SAN JOSE, Calif. -- CogniMem Technologies Inc. aims to demonstrate at Supercomputing 2012 the scalability of its non Von Neumann approach to computing based on pattern recognition. The startup will demo a system using 40,000 of its silicon processing elements.
The CogniBlox system will employ 10 boards, each using a Lattice FPGA and four of the startup’s own CM1K parallel processors and 4MB of magneto-resistive memory. Each of the CM1K chips includes 1,024 processing/memory elements.
The chips use techniques born in the era of neural networks and fuzzy logic to learn and recognize patterns in data. Thus the system and processors do not function like today’s load-store machines and are not programmed using current techniques. However they can be used for a wide range of applications including stock and weather forecasting, data mining and analytics.

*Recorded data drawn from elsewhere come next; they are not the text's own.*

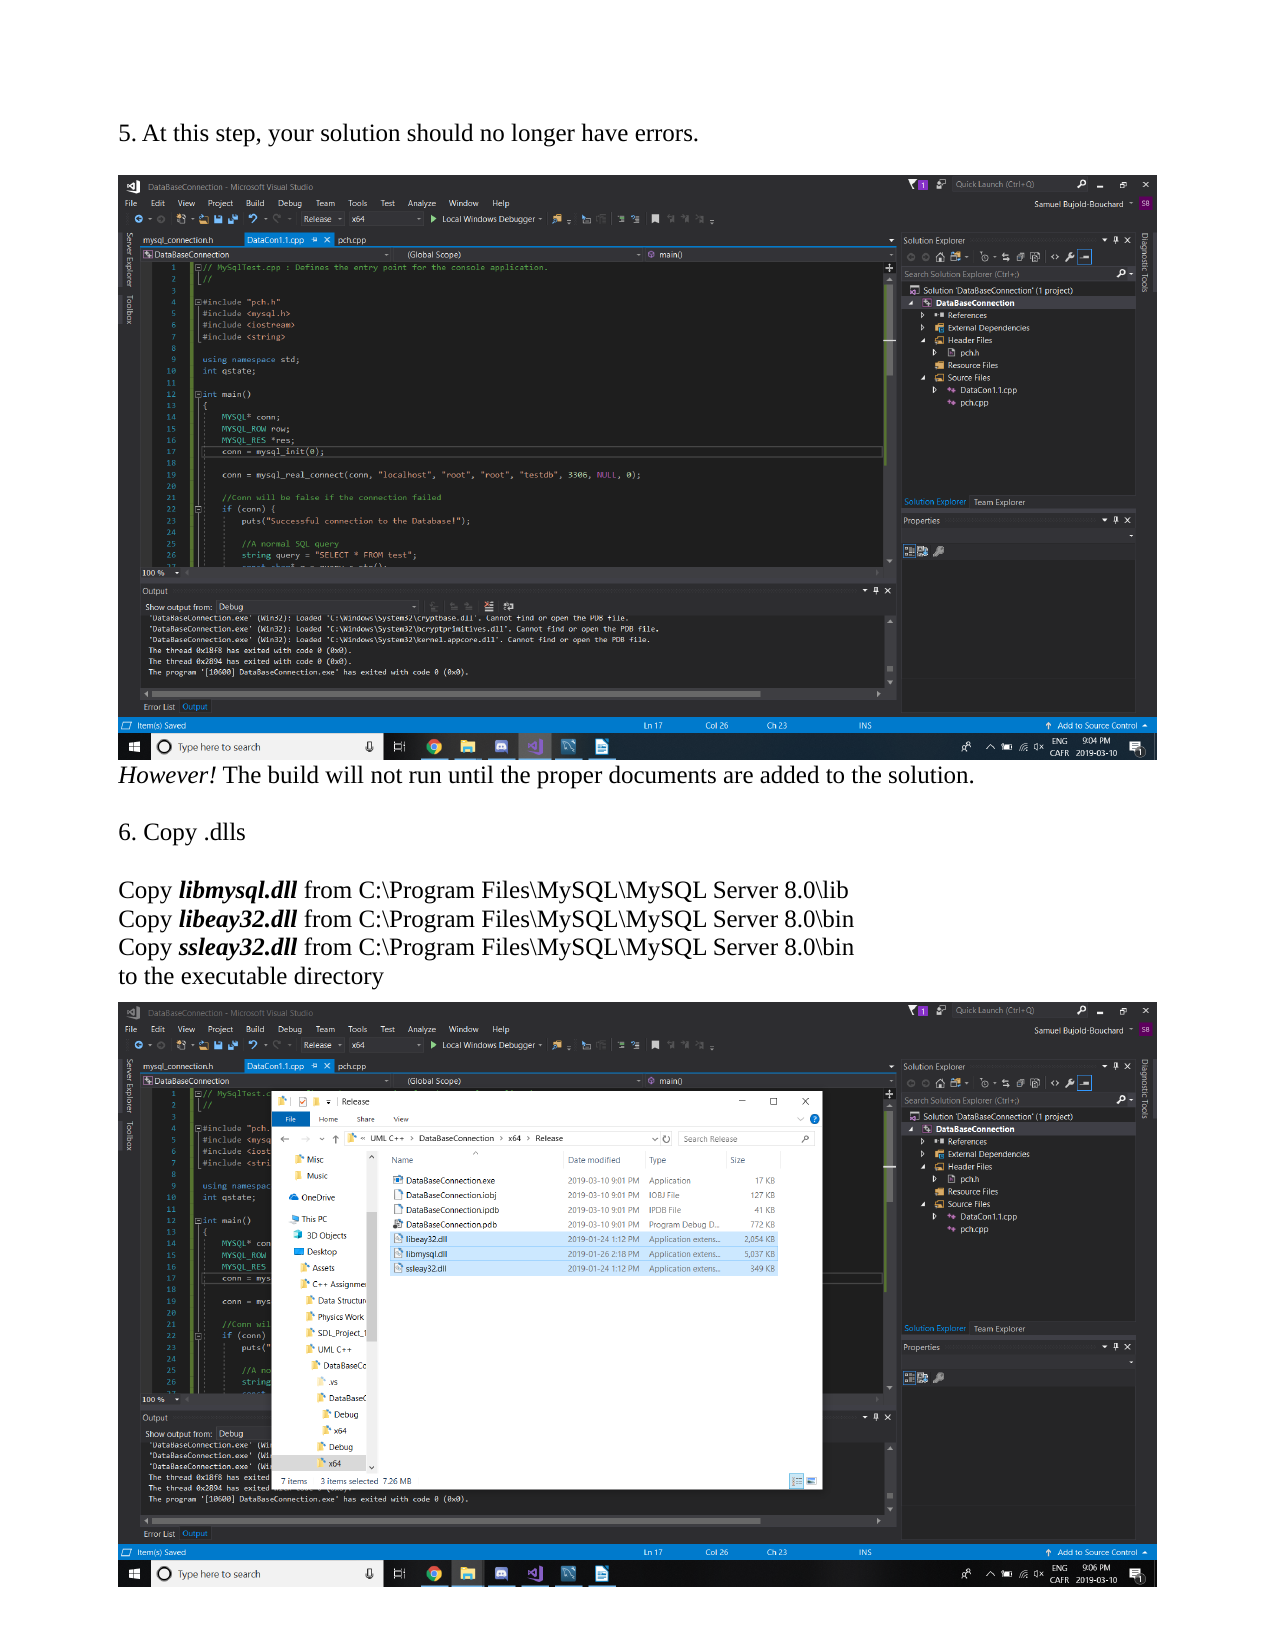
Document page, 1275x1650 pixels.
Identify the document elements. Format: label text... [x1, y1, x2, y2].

text Copy ssleay32.dll from C:\Program Files\MySQL\MySQL Server 8.0\bin [118, 932, 1157, 961]
picture [118, 175, 1157, 760]
text However! The build will not run until the proper documents are added to the solution. [118, 760, 1157, 789]
text 5. At this step, your solution should no longer have errors. [118, 118, 1157, 147]
text to the executable directory [118, 961, 1157, 990]
text 6. Copy .dlls [118, 817, 1157, 846]
text Copy libeay32.dll from C:\Program Files\MySQL\MySQL Server 8.0\bin [118, 904, 1157, 932]
text Copy libmysql.dll from C:\Program Files\MySQL\MySQL Server 8.0\lib [118, 875, 1157, 904]
picture [118, 1002, 1157, 1587]
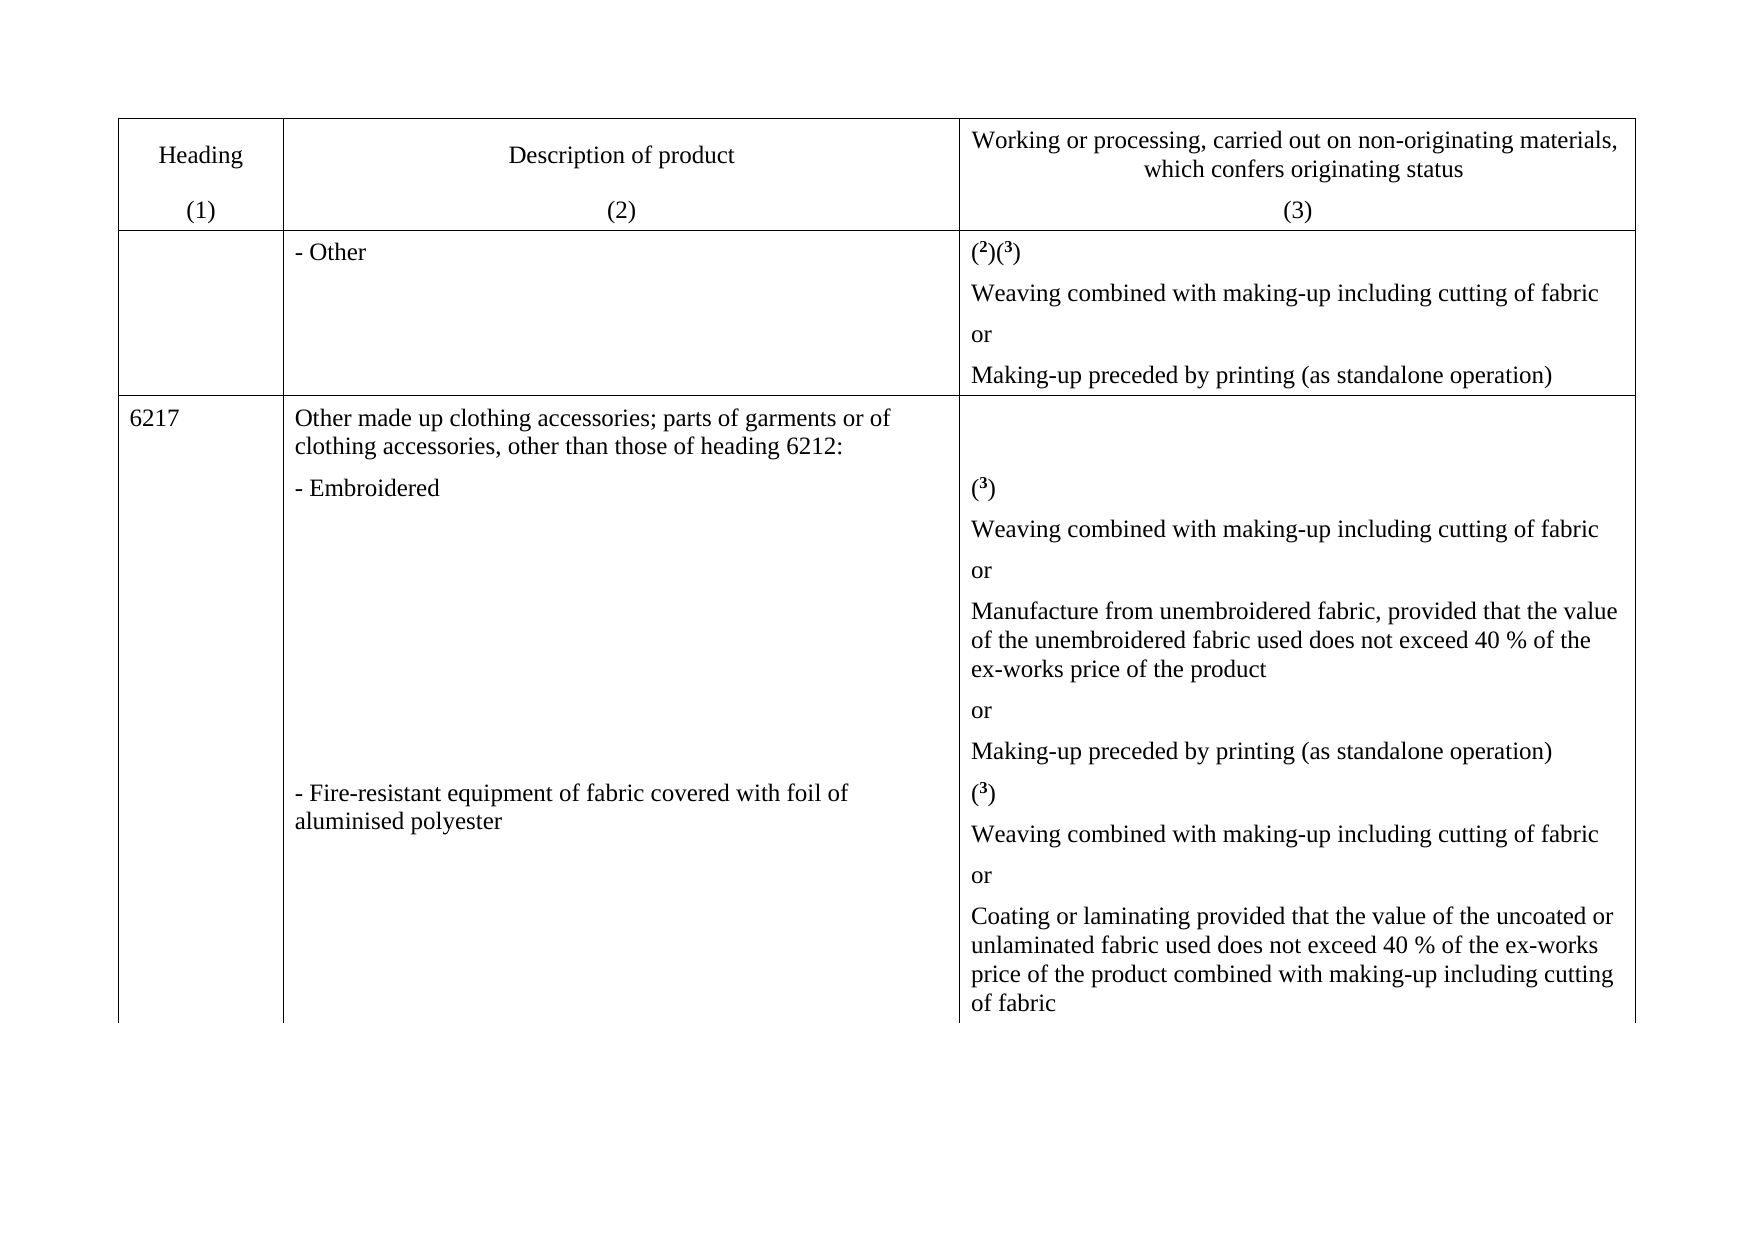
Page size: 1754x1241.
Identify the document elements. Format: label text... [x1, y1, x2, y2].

table_cell (3) [960, 189, 1635, 230]
table_cell - Other [284, 231, 959, 395]
table_cell - Fire-resistant equipment of fabric covered with foil of aluminised polyester [284, 771, 959, 1023]
table_cell [119, 231, 283, 395]
table_cell (1) [119, 189, 283, 230]
table_header Working or processing, carried out on non‑originating materials, which confers originating status [960, 119, 1635, 189]
table_cell (3) Weaving combined with making-up including cutting of fabric or Manufacture from unembroidered fabric, provided that the value of the unembroidered fabric used does not exceed 40 % of the ex‑works price of the product or Making-up preceded by printing (as standalone operation) [960, 466, 1635, 771]
table_cell (2)(3) Weaving combined with making-up including cutting of fabric or Making-up preceded by printing (as standalone operation) [960, 231, 1635, 395]
table_cell (2) [284, 189, 959, 230]
table_cell (3) Weaving combined with making-up including cutting of fabric or Coating or laminating provided that the value of the uncoated or unlaminated fabric used does not exceed 40 % of the ex-works price of the product combined with making-up including cutting of fabric [960, 771, 1635, 1023]
table_cell [119, 771, 283, 1023]
table_header Description of product [284, 119, 959, 189]
table_cell 6217 [119, 396, 283, 466]
table_cell [119, 466, 283, 771]
table_cell Other made up clothing accessories; parts of garments or of clothing accessories, other than those of heading 6212: [284, 396, 959, 466]
table_header Heading [119, 119, 283, 189]
table_cell [960, 396, 1635, 466]
table_cell - Embroidered [284, 466, 959, 771]

“I firmly believe this is the way things need to evolve--this is the real parallel computing model,” said Bruce McCormick, a 36-year Intel veteran who helped found the startup in April 2011.
The new approach solves the problem of scaling, the startup claims. Today’s multicore CPUs and GPUs can scale but not in a linear fashion, something McCormick said is possible and he aims to demonstrate with CogniBlox.
“To our knowledge no one has put together as a system where performance does not change as you add more hardware and has this many elements together in one system,” he said.
Earlier this year, the company failed to get working a more ambitious demo of a million-node system, suggesting it hit issues with achieving low latency in its FGA links. It is still pursing multiple paths toward that goal.
One downside to the CogniMem approach is cost. Each board costs about $3,000 in single-unit quantities, so the demo system with 40,000 elements could cost nearly than $30,000. Shifting from expensive MRAM to cheaper NOR flash memory could slash costs, but NOR lacks the responsiveness of MRAM.
The demo system aims to execute 5.2 tera-operations per second. The architecture could be a contender for an exascale-class supercomputer, McCormick claimed.
CogniMem is privately funded. McCormick would not say who the startup’s investors are or how much they have put into the company.
One of CogniMem’s founders was a lead designer on the zero instruction set computer (ZISC) developed with IBM. The ZINC project is no longer active at IBM, but Big Blue did announce work last summer for the Defense Advanced Research Projects Agency (DARPA) on chips for similar concepts.
Separately, Frost & Sullivan gave CogniMem its 2012 New Product Innovation award. The market watcher cited the systems novel approach to resolving the system memory bottleneck to enable high levels of parallelism in high performance computing.
Actually, the innovation is that the N CM1K chips residing on a stack (4 per stackable board) make a bank of N*4096 cognitive memories responding in parallel to an input pattern (like a massive lookup with parallel access). The RBF and KNN classifiers are inherent to the bank of CM1Ks.The FPGA is used to configure the CM1Ks into a single or multiple banks, handle comm with hosts,etc. With regards to your question, CogniMem web site has an RBF Tutorial for download as well as a ref guide.
It does indeed. Transputers had limitations but not nearly that of old school stuff. Like a lot of things they did incredible stuff with the right people driving them, but were anathema to most people. It was sad to watch them kicked to the side by the main streamers.
it seems that the innovation would be in the algorithm. The hardware looks very similar to other fpga clusters like sciengines, or dini group or comblock modules. Can anyone point to a good tutorial paper on "non-linear classifiers Radial Basis Functions and K-Nearest Neighbor" or patent maybe?
Sounds like they need non-volatile SRAM, which MRAM (and FRAM) emulates nicely. Per Everspin's website: "Parallel MRAMs (8-bit and 16-bit) have SRAM read and write cycle times and asynchronous timing interfaces that use standard SRAM access timing."